Indeed, a legend runs that these sills were not laid by men at all, but by the Dwarfs. As evidence of this folklore tale, it is pointed out that these logs have the mark of a rough turtle burned on their under surface like the turtle cut on the great stones in the mountains. And men differ about what wood they are of, some declaring them to be oak and others sugar, and still others a strange wood of which the stumps only are now found in the Hills. It is true that no mark of axe can be found on them, but this is no great wonder since the bark was evidently removed by burning, an ancient method of preserving the wood from rot.

We swung down Thornberg's Hill in a long trot, and on to the bridge. The river was swollen, a whirling mass of yellow water that surged and pounded and howled under the timber floor as though the mad spirits of the river still resented the work of the Dwarfs. It was the Valley's business to divide the land, and it had done it well, leaving the sons of Eve to bite their fingers until, on a night, the crooked people came stumbling down to take a hand in the matter.

We clattered through, and down a long abutment.
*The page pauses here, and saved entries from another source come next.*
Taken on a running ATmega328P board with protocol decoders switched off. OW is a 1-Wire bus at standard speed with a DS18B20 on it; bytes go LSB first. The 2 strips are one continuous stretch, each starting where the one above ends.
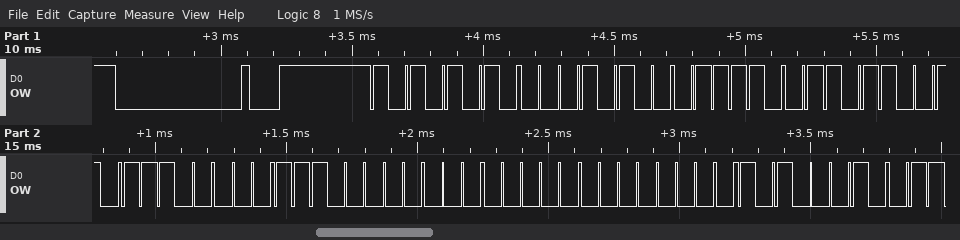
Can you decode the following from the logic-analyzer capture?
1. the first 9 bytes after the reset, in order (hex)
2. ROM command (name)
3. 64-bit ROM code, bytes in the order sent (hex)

55 28 9E 4D 07 07 00 00 45
Match ROM
28 9E 4D 07 07 00 00 45
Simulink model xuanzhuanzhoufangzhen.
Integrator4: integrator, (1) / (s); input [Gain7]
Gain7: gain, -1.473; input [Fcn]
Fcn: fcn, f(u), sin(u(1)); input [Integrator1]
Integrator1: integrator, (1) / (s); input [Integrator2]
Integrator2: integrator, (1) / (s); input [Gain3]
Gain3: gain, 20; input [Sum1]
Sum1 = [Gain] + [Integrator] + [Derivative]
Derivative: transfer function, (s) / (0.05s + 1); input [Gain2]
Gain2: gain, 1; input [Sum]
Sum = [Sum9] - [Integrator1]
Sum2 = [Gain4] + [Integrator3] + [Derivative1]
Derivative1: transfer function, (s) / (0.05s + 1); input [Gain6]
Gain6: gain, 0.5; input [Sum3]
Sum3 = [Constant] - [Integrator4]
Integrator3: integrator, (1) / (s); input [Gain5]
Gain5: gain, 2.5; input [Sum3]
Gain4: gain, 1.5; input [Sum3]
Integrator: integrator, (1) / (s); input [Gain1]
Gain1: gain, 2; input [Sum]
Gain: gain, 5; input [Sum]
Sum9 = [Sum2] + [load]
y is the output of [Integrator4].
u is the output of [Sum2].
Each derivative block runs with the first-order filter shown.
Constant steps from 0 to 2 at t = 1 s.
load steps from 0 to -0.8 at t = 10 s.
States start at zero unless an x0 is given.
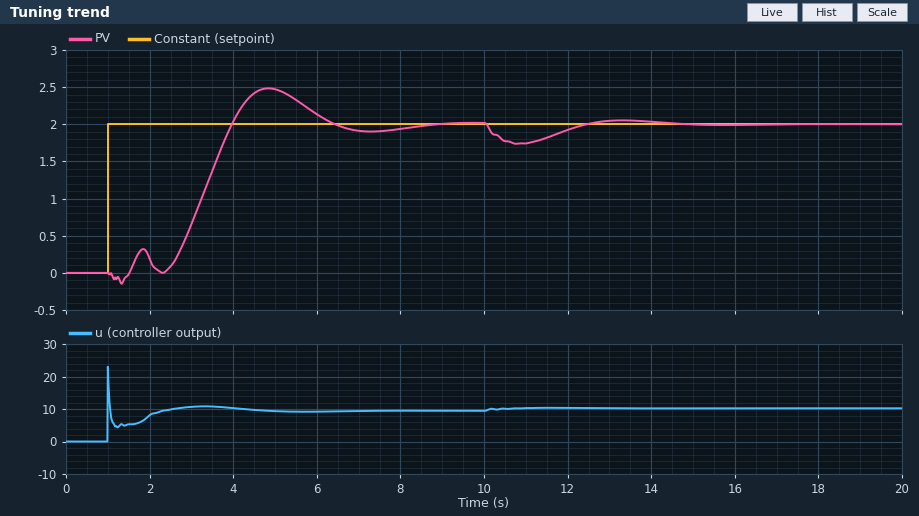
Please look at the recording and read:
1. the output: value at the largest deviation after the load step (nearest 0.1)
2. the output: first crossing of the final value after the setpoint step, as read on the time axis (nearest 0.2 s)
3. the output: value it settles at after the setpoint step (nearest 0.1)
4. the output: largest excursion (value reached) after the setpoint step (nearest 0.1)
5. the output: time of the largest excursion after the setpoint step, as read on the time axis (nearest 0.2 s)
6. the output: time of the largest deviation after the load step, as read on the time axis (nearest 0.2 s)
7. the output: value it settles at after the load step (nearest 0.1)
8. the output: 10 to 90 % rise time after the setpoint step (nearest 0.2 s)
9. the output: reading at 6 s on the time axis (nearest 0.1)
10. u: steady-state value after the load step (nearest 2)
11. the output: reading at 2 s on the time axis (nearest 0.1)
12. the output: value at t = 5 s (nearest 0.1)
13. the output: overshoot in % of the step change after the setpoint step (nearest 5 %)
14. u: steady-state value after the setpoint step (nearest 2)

1.7
4.0 s
2.0
2.5
4.8 s
10.8 s
2.0
2.2 s
2.1
10
0.2
2.5
25 %
10
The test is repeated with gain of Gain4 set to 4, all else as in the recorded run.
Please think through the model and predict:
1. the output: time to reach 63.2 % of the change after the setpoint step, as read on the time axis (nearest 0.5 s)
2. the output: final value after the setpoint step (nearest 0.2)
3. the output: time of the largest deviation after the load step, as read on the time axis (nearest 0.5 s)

It almost made one dizzy to look over. A rail or a tree limb would ride down into this devil's maw, or a log would come swimming, its back bobbing in the muddy water, and then strike the smooth nose of a boulder and go to splinters.

Beyond the mad river the mild morning world was a land of lazy quiet. The sky was as blue as a woman's eye, and the sun rose clear in his flaming cart. Along the roadside the little purple flowers of autumn peeped about under the green briers. The fields were shaggy with ragweed and dead whitetop and yellow sedge. The walnut and the apple trees were bare, and the tall sycamore stood naked in its white skin. Sometimes a heron flapped across the land, taking a short cut to a lower water, or a woodpecker dived from the tall timber, or there boomed from the distant wooded hollow the drum of some pheasant lover, keeping a forgotten tryst.

It was now two hours of midday, and the October sun was warm. Tiny streaks of dampness were beginning to appear on the sleek necks of the Cardinal and El Mahdi, and the Bay Eagle was swinging her head, a clear sign that the good mare was not entirely comfortable.

I turned to Ump. "There's something wrong with that bridle," I said. "Either the brow-band or the throat-latch. The mare's fidgety."

He looked at me in astonishment, like a man charged suddenly with a crime, and slid his long hand out under her slim throat, and over her silk foretop; then he growled. "You don't know your A, B, C's, Quiller. She wants water; that's all."

Jud grinned like a bronzed Bacchus. "The queen might wear Spanish needles in her shirt," he said, "an' be damned. But the Bay Eagle will never wear a tight throat-latch or a pinchin' brow-band, or a rough bit, or a short headstall, while old Mr. Ump warms the saddle seat."

The hunchback was squirming around, craning his long neck. If the Bay Eagle were dry, water must be had, and no delay about it. Love for this mare was Ump's religion. I laughed and pointed down the road. "We are almost at Aunt Peggy's house. Don't stop to dig a well." And we broke into a gallop.

Aunt Peggy was one of the ancients, a carpet-weaver, pious as Martin Luther, but a trifle liberal with her idioms. The tongue in her head wagged like a bell-clapper. Whatever was whispered in the Hills got somehow into Aunt Peggy's ears, and once there it went to the world like the secret of Midas.